In Kooperation mit Curaviva Basel-Stadt führt die Familienfreundliche Wirtschaftsregion Basel am Mittwoch, 27. Februar 2019 eine Veranstaltung zum Thema Fachkräftemangel und familienfreundliche Arbeitsbedingungen in der stationären Langzeitpflege durch.

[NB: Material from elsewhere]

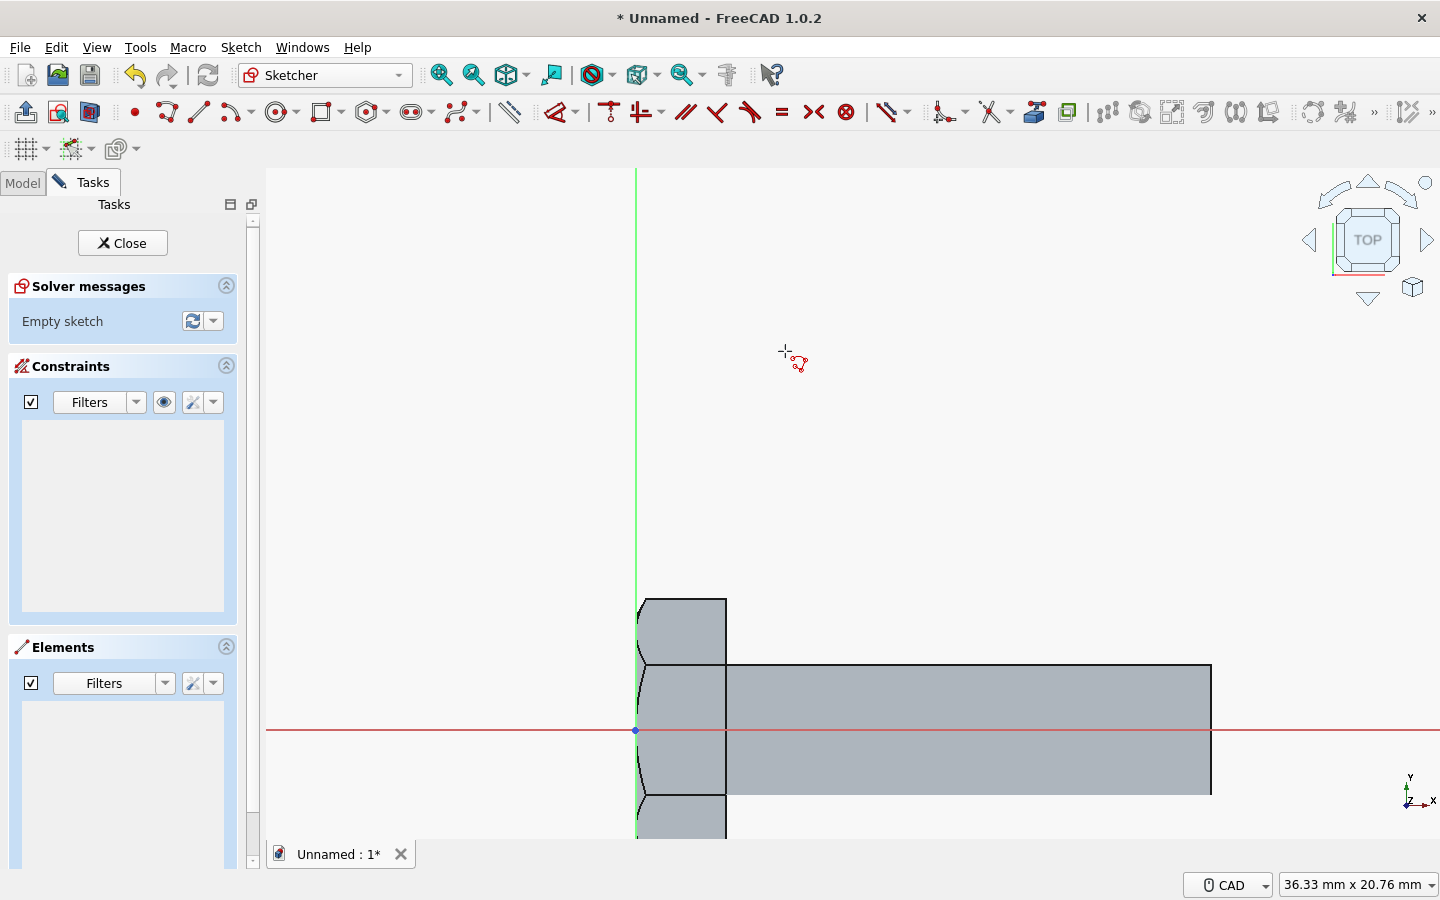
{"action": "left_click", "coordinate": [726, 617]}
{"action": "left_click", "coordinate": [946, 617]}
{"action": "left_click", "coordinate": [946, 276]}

In der stationären Langzeitpflege fehlen die Fachkräfte. Mit ein Grund dafür, dass überdurchschnittlich viele Ausgebildete frühzeitig aus der Branche aussteigen, sind die Arbeitsbedingungen. Denn wer Pflegeberuf und Familie unter einen Hut bringen will, steht vor grossen Herausforderungen: unregelmässige Arbeitszeiten, Nachtdienst und Pikett machen die stationäre Langzeitpflege für Frauen und Männer mit familiären Verpflichtungen nicht besonders attraktiv.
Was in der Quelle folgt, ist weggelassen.